I did have one issue with Into the Radius’ Seated Mode not working as advertised. The game’s tracking systems seem to be built around the assumption that you’re standing up, so trying to pull out items that are stowed on your character’s hips or lower back while you’re seated is an exercise in futility, no matter what mode you’re in.

Into the Radius only sort of has a plot. The game has no particular interest in sending you in any particular direction, besides the slight guide you get from high-priority missions, which are the closest thing the game has to a critical path. Into the Radius is huge, sprawling and full of obstacles – it’s very easy to get in over your head. The monsters you’ll encounter are often dumb but numerous, and they’ll chase you to the ends of the earth once they’ve heard or seen you. A single unsuppressed gunshot at the wrong time can turn a milk run into a rolling disaster.

Between them, the half-visible anomalies that roam the countryside and the Dali landscapes that make up most of the Zone, you’ll never feel like you’ve got a true handle on your situation in Into the Radius. It’s tense, immersive, and often genuinely creepy.

Physics and Interaction Woes

However, the gameplay is also frequently undermined by the game’s controls and physics, neither of which are quite up to the job. Take the virtual pouch system, for example, which is often unreliable. You’ve got places to stow gear on your waist, chest, upper arms and back, but the upper-arm slots in particular were difficult to retrieve items from. I lost track of the number of times I went to grab my knife, map or probes, but ended up with nothing at all.

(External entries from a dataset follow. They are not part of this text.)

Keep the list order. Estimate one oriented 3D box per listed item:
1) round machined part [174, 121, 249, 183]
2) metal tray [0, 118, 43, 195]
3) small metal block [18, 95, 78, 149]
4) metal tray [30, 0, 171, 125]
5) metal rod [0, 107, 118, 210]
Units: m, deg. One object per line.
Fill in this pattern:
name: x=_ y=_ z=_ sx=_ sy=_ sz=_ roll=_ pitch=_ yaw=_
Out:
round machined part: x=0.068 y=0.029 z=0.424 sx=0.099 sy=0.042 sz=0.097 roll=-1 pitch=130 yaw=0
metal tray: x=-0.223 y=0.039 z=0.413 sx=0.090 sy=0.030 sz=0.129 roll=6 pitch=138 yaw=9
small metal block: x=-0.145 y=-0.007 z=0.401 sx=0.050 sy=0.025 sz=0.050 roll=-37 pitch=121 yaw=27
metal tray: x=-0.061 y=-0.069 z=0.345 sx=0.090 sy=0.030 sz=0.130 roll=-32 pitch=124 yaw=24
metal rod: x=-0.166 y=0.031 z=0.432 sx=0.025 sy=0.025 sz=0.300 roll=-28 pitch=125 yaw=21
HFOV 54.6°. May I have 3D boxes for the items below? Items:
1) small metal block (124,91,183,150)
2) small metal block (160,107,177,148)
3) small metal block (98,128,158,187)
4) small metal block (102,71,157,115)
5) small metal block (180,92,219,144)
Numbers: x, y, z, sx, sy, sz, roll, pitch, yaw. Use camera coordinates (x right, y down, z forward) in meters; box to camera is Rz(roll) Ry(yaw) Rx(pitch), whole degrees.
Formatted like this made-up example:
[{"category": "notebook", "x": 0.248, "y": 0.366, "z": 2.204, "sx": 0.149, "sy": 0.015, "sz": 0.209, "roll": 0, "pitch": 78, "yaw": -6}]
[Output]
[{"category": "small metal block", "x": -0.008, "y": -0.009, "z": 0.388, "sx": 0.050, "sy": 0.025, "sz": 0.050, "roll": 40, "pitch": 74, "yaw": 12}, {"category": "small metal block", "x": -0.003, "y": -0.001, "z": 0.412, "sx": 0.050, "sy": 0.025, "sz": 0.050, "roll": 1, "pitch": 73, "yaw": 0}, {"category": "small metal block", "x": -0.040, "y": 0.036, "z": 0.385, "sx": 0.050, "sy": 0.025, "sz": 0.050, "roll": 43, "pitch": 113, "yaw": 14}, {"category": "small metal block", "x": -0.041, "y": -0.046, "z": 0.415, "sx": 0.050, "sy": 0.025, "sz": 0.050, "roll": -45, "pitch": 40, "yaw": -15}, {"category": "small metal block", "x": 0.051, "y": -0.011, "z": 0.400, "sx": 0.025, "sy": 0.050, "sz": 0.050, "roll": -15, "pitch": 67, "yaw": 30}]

The same problem applies to interactive items. Opening cabinets or footlockers is strangely difficult, while grabbing items off a table involves working with an unreliable context-sensitive prompt that isn’t as easy to use as I’d like. 

into the radius quest 2

The physics are equally difficult to work with. Objects in your environment will frequently shoot off in random directions like they’ve been greased, getting lost in ground clutter or ricocheting off into the distance. It wasn’t unusual to lose an empty pistol magazine or a thrown knife because they struck to the ground and glitched through it.

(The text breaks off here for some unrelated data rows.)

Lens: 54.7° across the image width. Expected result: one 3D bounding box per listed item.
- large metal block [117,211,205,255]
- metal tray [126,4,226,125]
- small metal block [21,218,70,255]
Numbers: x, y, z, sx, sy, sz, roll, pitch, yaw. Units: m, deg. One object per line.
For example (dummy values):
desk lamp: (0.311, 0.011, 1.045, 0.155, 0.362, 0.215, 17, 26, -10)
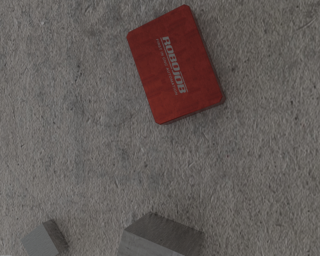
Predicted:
large metal block: (0.002, 0.150, 0.379, 0.080, 0.080, 0.050, 16, 96, 19)
metal tray: (0.020, -0.078, 0.399, 0.090, 0.030, 0.129, -21, 83, 18)
small metal block: (-0.175, 0.175, 0.471, 0.050, 0.025, 0.050, -38, 78, 16)
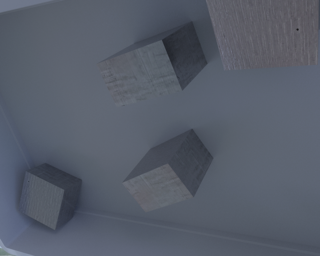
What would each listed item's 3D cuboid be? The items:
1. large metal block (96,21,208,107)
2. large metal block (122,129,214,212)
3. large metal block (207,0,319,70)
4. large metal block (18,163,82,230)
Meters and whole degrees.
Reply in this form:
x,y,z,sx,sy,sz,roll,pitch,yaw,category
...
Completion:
x,y,z,sx,sy,sz,roll,pitch,yaw,category
-0.006,-0.069,0.332,0.080,0.080,0.050,-11,113,32,large metal block
0.012,0.054,0.399,0.080,0.080,0.050,-28,103,37,large metal block
0.092,-0.099,0.266,0.080,0.050,0.080,1,141,27,large metal block
-0.195,0.120,0.551,0.080,0.050,0.079,22,106,15,large metal block
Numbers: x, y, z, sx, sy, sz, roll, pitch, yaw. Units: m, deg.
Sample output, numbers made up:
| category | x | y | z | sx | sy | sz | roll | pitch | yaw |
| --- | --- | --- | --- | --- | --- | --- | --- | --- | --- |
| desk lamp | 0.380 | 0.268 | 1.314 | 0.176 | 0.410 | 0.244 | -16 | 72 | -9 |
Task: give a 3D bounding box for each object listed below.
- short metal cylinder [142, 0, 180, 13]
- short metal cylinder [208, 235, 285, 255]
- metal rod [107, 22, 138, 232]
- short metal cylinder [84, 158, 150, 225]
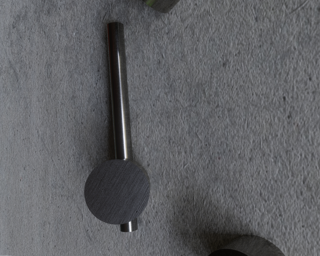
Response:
| category | x | y | z | sx | sy | sz | roll | pitch | yaw |
| --- | --- | --- | --- | --- | --- | --- | --- | --- | --- |
| short metal cylinder | -0.001 | -0.186 | 0.370 | 0.050 | 0.081 | 0.080 | -38 | 67 | 33 |
| short metal cylinder | 0.088 | 0.157 | 0.316 | 0.080 | 0.050 | 0.080 | 0 | 90 | 40 |
| metal rod | -0.055 | -0.004 | 0.450 | 0.025 | 0.025 | 0.298 | -7 | 85 | 40 |
| short metal cylinder | -0.053 | 0.080 | 0.407 | 0.081 | 0.050 | 0.080 | 0 | 86 | -1 |
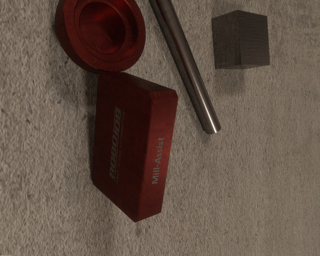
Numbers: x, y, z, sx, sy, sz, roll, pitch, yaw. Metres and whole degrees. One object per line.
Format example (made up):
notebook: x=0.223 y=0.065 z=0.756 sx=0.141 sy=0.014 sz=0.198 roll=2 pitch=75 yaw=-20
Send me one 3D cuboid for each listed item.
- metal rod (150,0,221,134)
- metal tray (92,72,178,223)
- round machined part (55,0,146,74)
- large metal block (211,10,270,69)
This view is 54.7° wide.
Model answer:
metal rod: x=0.022 y=-0.124 z=0.424 sx=0.025 sy=0.025 sz=0.299 roll=-39 pitch=114 yaw=-33
metal tray: x=-0.031 y=0.016 z=0.313 sx=0.030 sy=0.090 sz=0.129 roll=-9 pitch=115 yaw=-40
round machined part: x=-0.067 y=-0.107 z=0.339 sx=0.099 sy=0.042 sz=0.097 roll=0 pitch=90 yaw=-40
large metal block: x=0.132 y=-0.139 z=0.502 sx=0.081 sy=0.050 sz=0.079 roll=-9 pitch=96 yaw=-40
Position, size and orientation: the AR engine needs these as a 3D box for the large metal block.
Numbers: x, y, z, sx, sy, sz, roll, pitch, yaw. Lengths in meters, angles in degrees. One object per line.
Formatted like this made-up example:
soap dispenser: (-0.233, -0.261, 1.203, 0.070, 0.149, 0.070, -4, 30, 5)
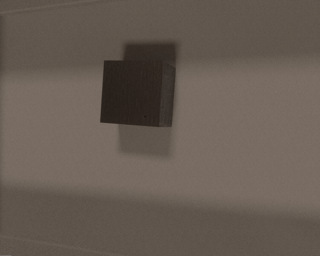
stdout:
large metal block: (-0.028, -0.044, 0.406, 0.080, 0.050, 0.079, 4, 92, 19)
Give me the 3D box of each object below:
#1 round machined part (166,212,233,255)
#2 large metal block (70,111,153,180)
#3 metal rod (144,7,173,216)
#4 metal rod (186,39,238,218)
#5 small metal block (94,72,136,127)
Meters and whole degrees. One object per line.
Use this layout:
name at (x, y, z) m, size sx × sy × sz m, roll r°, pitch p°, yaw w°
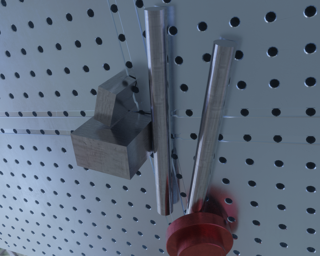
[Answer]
round machined part at (0.058, 0.172, 0.450) m, size 0.099 × 0.042 × 0.097 m, roll -1°, pitch 123°, yaw -2°
large metal block at (-0.058, 0.017, 0.415) m, size 0.080 × 0.080 × 0.050 m, roll 11°, pitch 123°, yaw 22°
metal rod at (0.002, 0.000, 0.408) m, size 0.025 × 0.025 × 0.298 m, roll 11°, pitch 123°, yaw 22°
metal rod at (0.058, 0.036, 0.401) m, size 0.025 × 0.025 × 0.298 m, roll 17°, pitch 125°, yaw 18°
small metal block at (-0.058, -0.037, 0.401) m, size 0.025 × 0.050 × 0.050 m, roll 26°, pitch 128°, yaw 11°
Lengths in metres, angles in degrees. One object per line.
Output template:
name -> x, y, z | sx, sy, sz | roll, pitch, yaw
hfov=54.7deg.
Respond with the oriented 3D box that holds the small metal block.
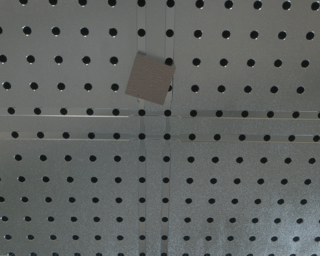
small metal block -> -0.012, -0.062, 0.391 | 0.050, 0.025, 0.050 | 17, 109, -7
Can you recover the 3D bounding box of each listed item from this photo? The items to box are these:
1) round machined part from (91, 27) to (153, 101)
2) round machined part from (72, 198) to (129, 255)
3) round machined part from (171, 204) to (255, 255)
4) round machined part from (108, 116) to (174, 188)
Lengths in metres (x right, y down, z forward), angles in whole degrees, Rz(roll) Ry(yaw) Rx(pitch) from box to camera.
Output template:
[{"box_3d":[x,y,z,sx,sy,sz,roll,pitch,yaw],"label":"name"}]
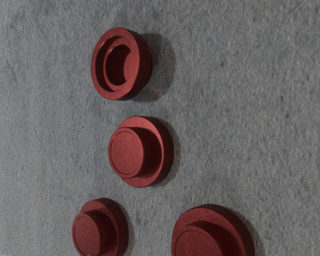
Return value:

Ordinarily, I wouldn’t ding a game too harshly for physics glitches, but if there’s one thing Into the Radius has going for it, it’s a relentless sense of immersion. Having to scrounge for every individual resource, including items like pistol magazines that other games usually gloss over, is part of the experience. Losing one of those resources to a random glitch or bug, immediately drops you out of the simulation.

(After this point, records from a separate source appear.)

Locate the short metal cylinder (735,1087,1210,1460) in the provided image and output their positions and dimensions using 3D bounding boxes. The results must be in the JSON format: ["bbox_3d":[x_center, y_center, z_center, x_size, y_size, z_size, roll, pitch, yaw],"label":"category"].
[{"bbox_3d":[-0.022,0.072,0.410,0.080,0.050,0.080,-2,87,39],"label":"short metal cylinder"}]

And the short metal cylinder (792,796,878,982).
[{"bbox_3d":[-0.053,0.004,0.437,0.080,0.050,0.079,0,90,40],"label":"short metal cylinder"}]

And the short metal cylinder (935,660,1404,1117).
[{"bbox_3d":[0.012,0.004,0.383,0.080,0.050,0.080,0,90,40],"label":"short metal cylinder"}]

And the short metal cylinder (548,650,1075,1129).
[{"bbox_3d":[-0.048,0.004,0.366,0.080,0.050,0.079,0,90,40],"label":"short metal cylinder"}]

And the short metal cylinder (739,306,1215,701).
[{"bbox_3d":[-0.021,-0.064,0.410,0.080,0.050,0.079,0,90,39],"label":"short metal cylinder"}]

These problems were already present in the earlier PC VR release of Into the Radius, but the Quest 2 release also features substantially lower-end graphics. Nine times out of ten, this doesn’t have a serious impact on the experience, but it also means that sometimes small objects will easily blend into their environment and navigating a room in the dark is an exercise in futility. In my playthrough, I also encountered a bug that displayed the visual effects of the Radius’ lethal anomalous zones (which are supposed to be invisible, unless you use probes) at all times, allowing me to circumvent one of the game’s major mechanics. 

into the radius quest 2

Into the Radius Quest 2 Review: Final Verdict

There’s a lot that Into the Radius does right, but it’s a one-step-forward, one-step-back situation. It’s one of the most immersive survival games in VR, but being ported to the Quest 2 only furthers its issues with bland visuals, dodgy physics and imprecise interactions.

It’s a series of annoyances that would be easy to brush off in a lot of other games, but Into twhe Radius’s emphasis on resource scarcity and precision under fire makes them maddening. A few years down the line, tighter physics and advances in standalone hardware could make these non-issues, but for now, it leaves Into the Radius as an interesting but flawed experience.

Despite the hitches, Into the Radius will be well worth your time if you’re looking for a creepy, all-or-nothing survival sim, but its reach distinctly exceeds its grasp.